Measuring the Blue Ridge

As I was climbing Mount Evans with a few Colorado locals, I made reference to one of the hills I had climbed in the Southeast. One of the guys turned and looked at me, and jokingly said “You guys have hills out there?” He had a good point. In terms of elevation, the Blue Ridge pales in comparison to its western counterparts. I had practically lived around 10,000 feet for most of my Colorado stay, and climbed above 11,000 several times, including once over 12,000 feet, and the big one came in at 14,100. Many of those climbs were above the treeline, and yielded views that far surpassed anything we have on the East coast.

But the climbing is different. I was reminded of that when I came back and attempted the Blue Ridge Brutal. Instead of long and gradual climbs, we have short and steep. My legs hurt far more after this ride than anything I had done in the Rockies. Not to take anything away from the Rockies, as I loved every minute of my stay, but the Southeast has some pretty amazing climbing if you ask me.

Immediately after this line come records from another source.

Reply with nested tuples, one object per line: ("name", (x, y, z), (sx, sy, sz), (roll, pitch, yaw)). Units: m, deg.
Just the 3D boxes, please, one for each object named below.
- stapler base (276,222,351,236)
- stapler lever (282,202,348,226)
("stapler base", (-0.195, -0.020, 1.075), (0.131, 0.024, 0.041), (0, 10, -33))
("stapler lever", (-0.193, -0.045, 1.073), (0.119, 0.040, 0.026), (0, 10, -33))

Let me back up a little bit. Earlier this year when looking for good climbing blogs, I bumped into The Climbing Cyclist. To my surprise, Matt’s website was very similar to mine, only he covered the other side of the world — Australia. I enjoyed reading about his adventures, and shot him a quick note to let him know. Of course I also let him know about my website.

As it turned out, he was planning on a trip to the states later in the year. He would be looking for good places to climb. Did I have any suggestions? Of course I recommended some of the climbs in our corner, and his interest was peaked.

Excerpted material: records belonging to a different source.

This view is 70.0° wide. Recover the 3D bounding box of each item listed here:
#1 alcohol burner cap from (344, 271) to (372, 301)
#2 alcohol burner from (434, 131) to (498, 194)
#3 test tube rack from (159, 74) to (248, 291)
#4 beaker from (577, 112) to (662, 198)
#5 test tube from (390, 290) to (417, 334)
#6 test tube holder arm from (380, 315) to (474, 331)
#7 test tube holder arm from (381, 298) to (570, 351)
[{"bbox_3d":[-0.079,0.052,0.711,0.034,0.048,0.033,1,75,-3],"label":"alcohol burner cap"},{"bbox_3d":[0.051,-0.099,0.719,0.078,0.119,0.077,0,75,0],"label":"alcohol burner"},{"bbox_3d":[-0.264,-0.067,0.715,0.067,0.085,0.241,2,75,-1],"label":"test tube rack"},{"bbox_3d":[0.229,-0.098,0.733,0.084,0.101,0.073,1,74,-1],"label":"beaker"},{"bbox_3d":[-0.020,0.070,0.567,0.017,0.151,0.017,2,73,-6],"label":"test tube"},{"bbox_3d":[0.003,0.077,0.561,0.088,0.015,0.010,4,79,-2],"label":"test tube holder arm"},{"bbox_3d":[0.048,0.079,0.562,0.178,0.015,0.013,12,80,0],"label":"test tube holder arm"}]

I checked his website a few months later, and to my surprise, he had just climbed Mount Baldy outside of Los Angeles. He then headed to New Orleans, then to New York, and finally to Washington, DC.

We emailed again. He was asking about places to climb near his last two stops. He had already spent some time riding around New York City, and would soon be climbing Whiteface Mountain at Lake Placid. I suggested he try some of the climbs in Vermont, but that didn’t work out. As for Washington, I had no idea, but thought he could try Skyline Drive or the Parkway near Roanoke, Virginia if he was willing to drive a ways.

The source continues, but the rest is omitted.